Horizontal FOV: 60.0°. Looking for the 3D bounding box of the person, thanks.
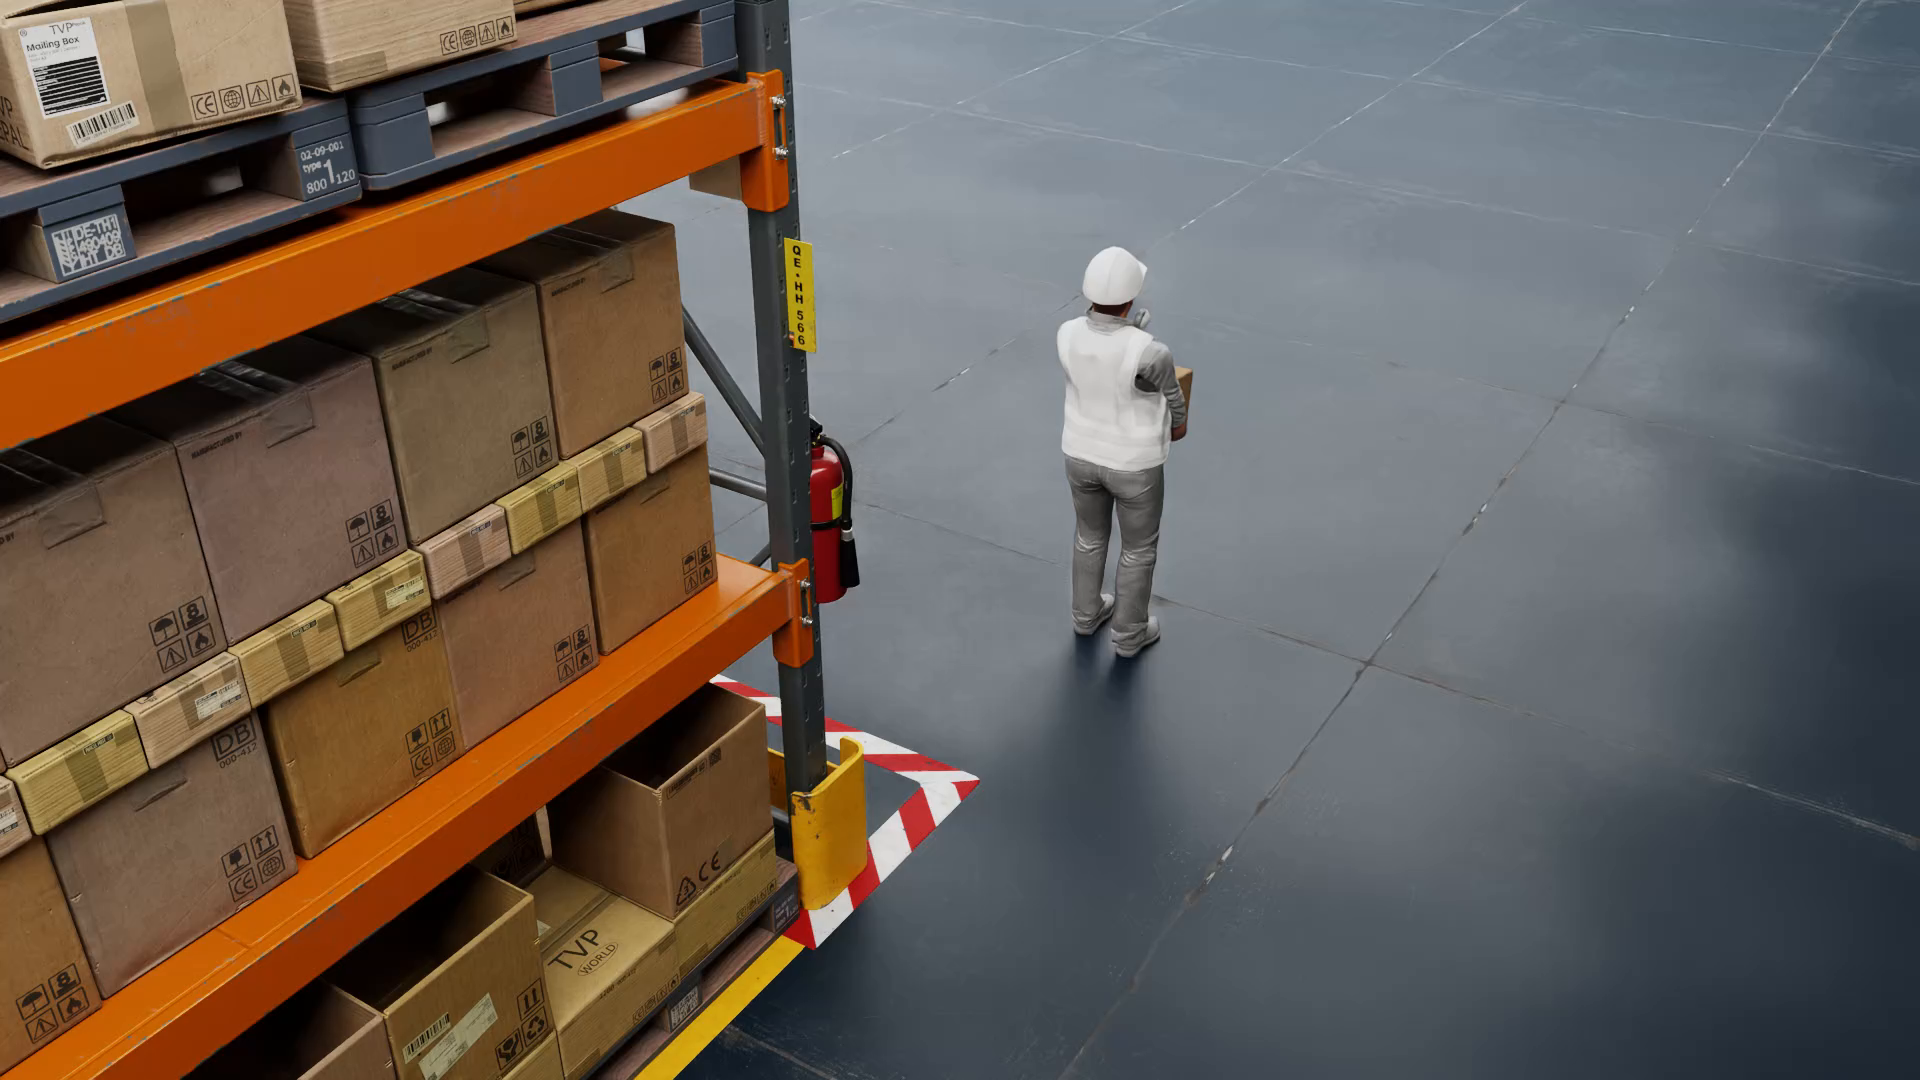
[{"bbox_3d":[0.662,-0.389,6.780,0.494,1.762,0.559,18,35,28],"label":"person"}]
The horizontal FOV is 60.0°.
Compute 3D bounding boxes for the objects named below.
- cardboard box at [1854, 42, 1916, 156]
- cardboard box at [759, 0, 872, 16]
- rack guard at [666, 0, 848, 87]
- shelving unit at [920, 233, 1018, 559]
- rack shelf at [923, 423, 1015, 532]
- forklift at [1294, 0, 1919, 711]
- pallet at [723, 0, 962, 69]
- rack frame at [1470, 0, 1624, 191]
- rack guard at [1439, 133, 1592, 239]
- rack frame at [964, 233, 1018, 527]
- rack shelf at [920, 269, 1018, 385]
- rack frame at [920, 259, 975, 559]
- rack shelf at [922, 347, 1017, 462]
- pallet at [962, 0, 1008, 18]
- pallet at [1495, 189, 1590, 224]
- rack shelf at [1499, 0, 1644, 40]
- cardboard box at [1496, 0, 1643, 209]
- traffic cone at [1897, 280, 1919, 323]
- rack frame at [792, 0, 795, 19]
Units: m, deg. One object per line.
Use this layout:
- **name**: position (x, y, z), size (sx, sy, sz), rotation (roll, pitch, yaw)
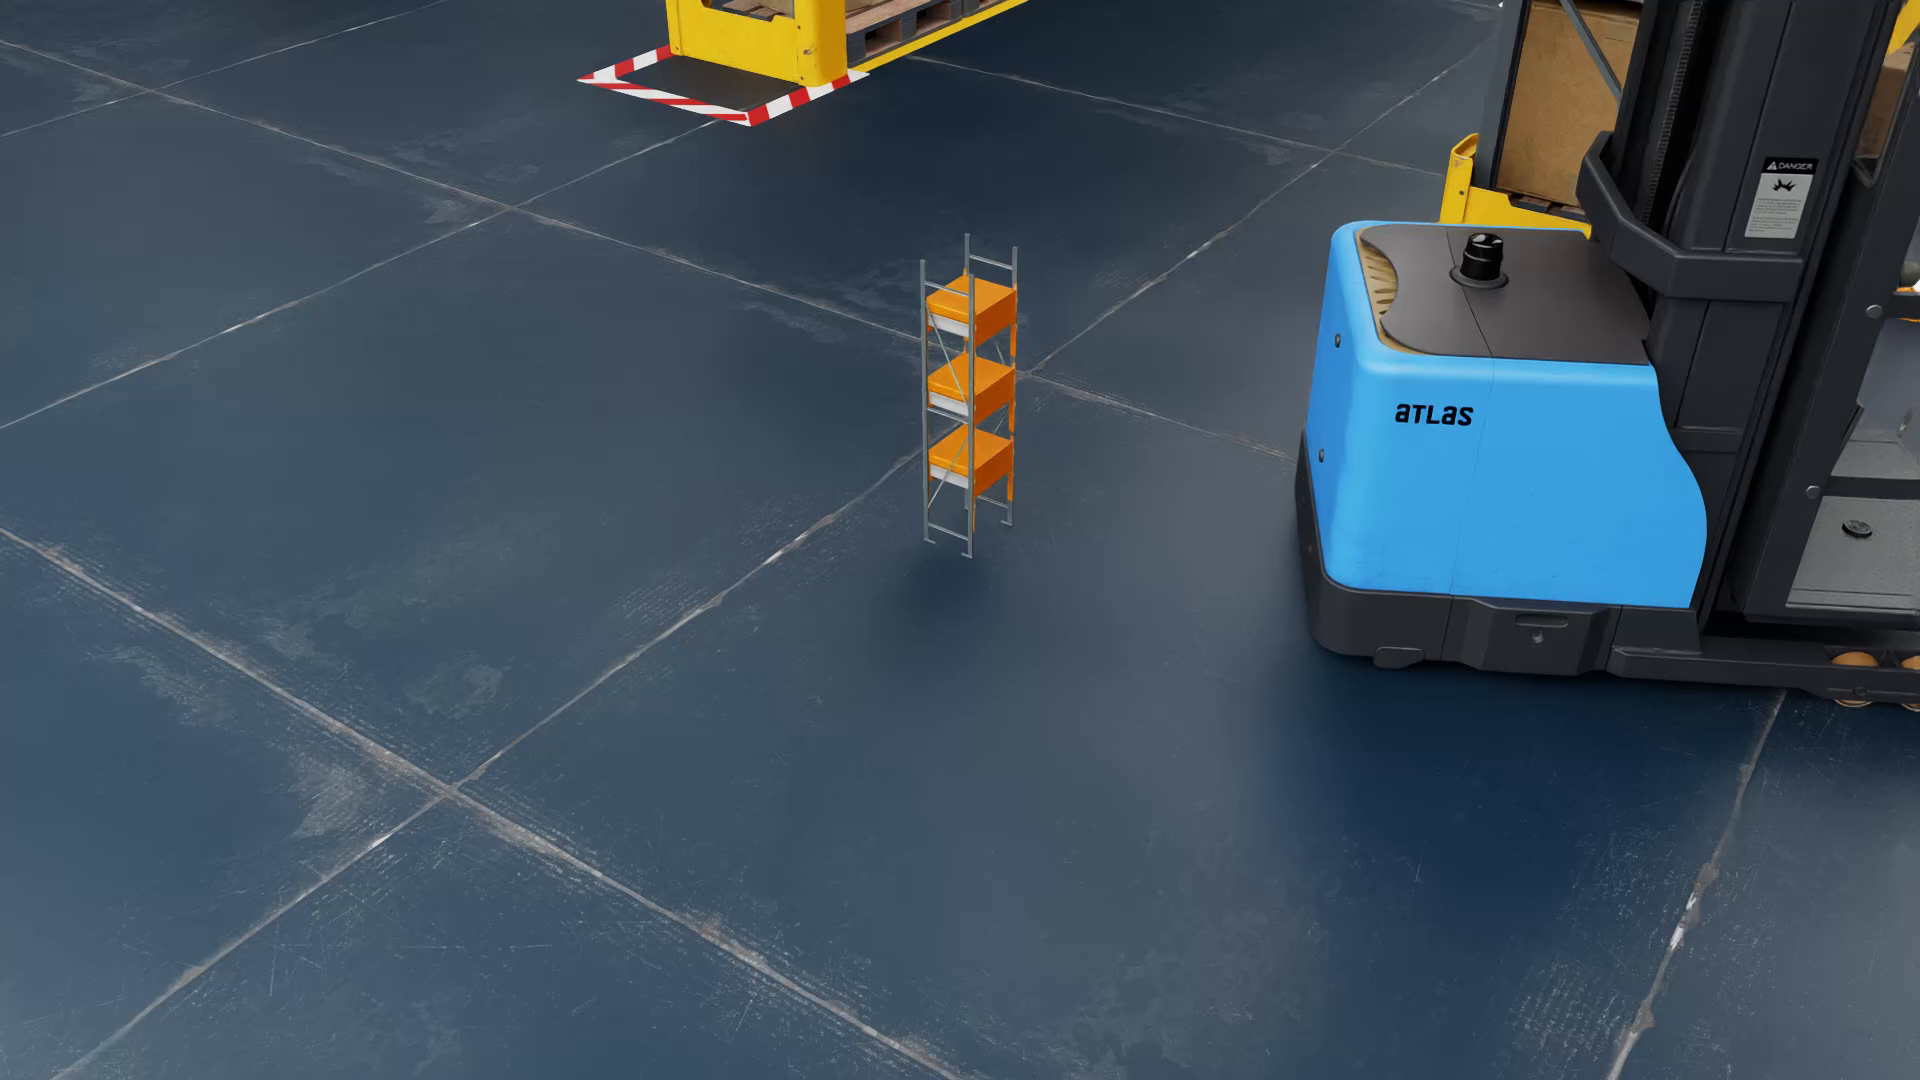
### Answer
- **cardboard box**: position (4.996, -2.215, 8.576), size (0.500, 0.500, 0.500), rotation (29, 44, 36)
- **cardboard box**: position (-0.890, -3.502, 10.107), size (0.500, 0.500, 0.500), rotation (-29, 43, -35)
- **rack guard**: position (-1.217, -3.081, 9.859), size (1.175, 0.500, 0.348), rotation (21, 39, 28)
- **shelving unit**: position (0.031, -0.460, 5.492), size (0.215, 1.050, 0.252), rotation (21, 39, 28)
- **rack shelf**: position (0.031, -0.221, 5.654), size (0.215, 0.259, 0.240), rotation (21, 39, 28)
- **forklift**: position (2.648, -1.014, 4.633), size (3.031, 2.935, 1.130), rotation (3, 34, 5)
- **pallet**: position (-0.724, -3.324, 10.476), size (1.003, 0.211, 1.213), rotation (21, 39, 28)
- **rack frame**: position (2.757, -2.450, 6.696), size (1.000, 3.000, 0.127), rotation (21, 39, 28)
- **rack guard**: position (2.744, -1.404, 7.380), size (1.175, 0.500, 0.348), rotation (21, 39, 28)
- **rack frame**: position (0.100, -0.516, 5.575), size (0.200, 1.050, 0.008), rotation (21, 39, 28)
- **rack shelf**: position (0.031, -0.686, 5.339), size (0.215, 0.259, 0.240), rotation (21, 39, 28)
- **rack frame**: position (-0.039, -0.403, 5.409), size (0.200, 1.050, 0.008), rotation (21, 39, 28)
- **rack shelf**: position (0.031, -0.451, 5.498), size (0.215, 0.259, 0.240), rotation (21, 39, 28)
- **pallet**: position (-0.028, -3.883, 11.303), size (1.003, 0.211, 1.213), rotation (21, 39, 28)
- **pallet**: position (3.149, -1.688, 8.058), size (1.003, 0.211, 1.213), rotation (21, 39, 28)
- **rack shelf**: position (3.898, -3.073, 8.258), size (1.077, 0.370, 4.000), rotation (21, 39, 28)
- **cardboard box**: position (3.090, -2.077, 7.666), size (0.875, 0.875, 0.875), rotation (21, 40, 28)
- **traffic cone**: position (4.227, -1.190, 7.097), size (0.336, 0.463, 0.334), rotation (21, 39, 28)
- **rack frame**: position (-1.260, -4.081, 9.107), size (1.000, 3.000, 0.127), rotation (21, 39, 28)
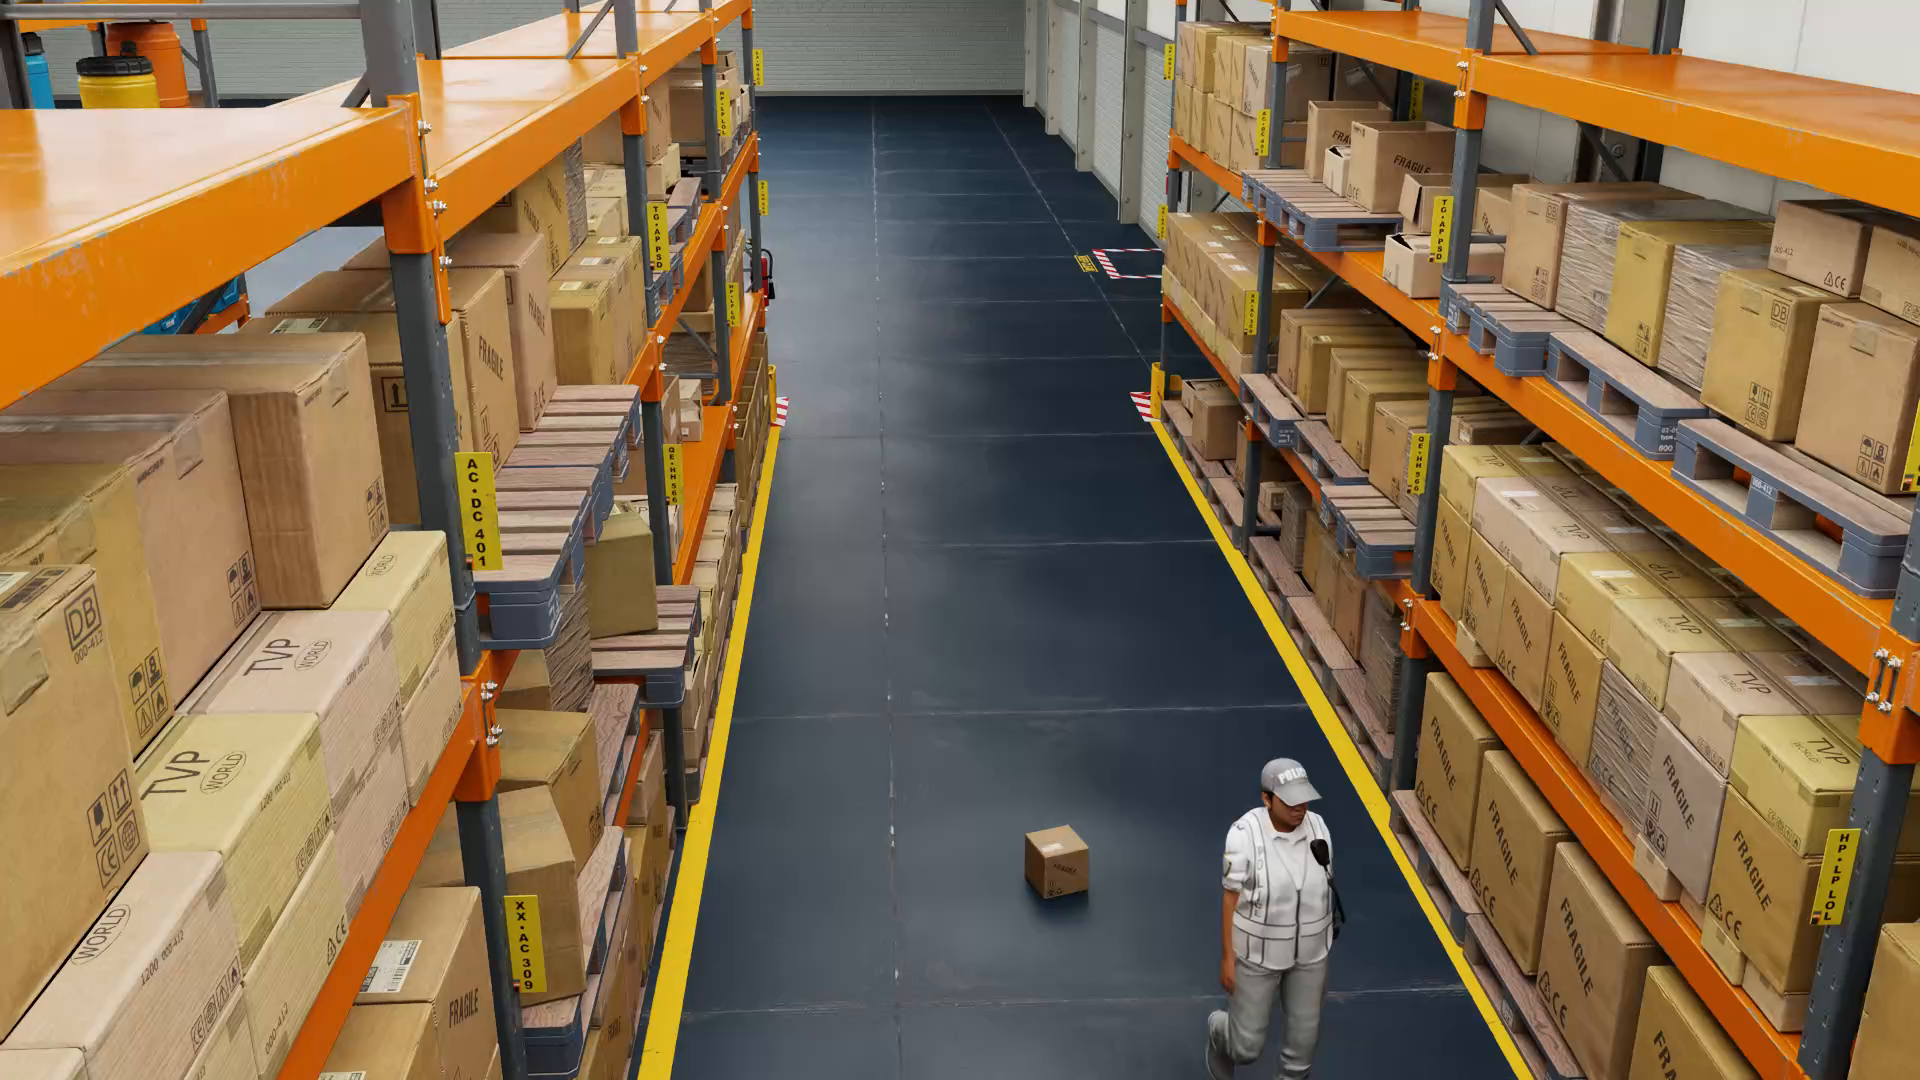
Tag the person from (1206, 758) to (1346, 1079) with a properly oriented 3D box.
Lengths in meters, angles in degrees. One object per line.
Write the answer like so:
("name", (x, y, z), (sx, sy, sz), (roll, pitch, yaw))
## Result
■ ■ ■ ■ ■
The entries above hold the needed span. Transcribe exactly the lines from the one with "Compute 3D bounding" to the one with "- rack frame at [1470, 0, 1624, 191]", both included.

* **EXERCISE SOLUTION**:
Compute 3D bounding boxes for the objects named below.
- cardboard box at [1854, 42, 1916, 156]
- cardboard box at [759, 0, 872, 16]
- rack guard at [666, 0, 848, 87]
- shelving unit at [920, 233, 1018, 559]
- rack shelf at [923, 423, 1015, 532]
- forklift at [1294, 0, 1919, 711]
- pallet at [723, 0, 962, 69]
- rack frame at [1470, 0, 1624, 191]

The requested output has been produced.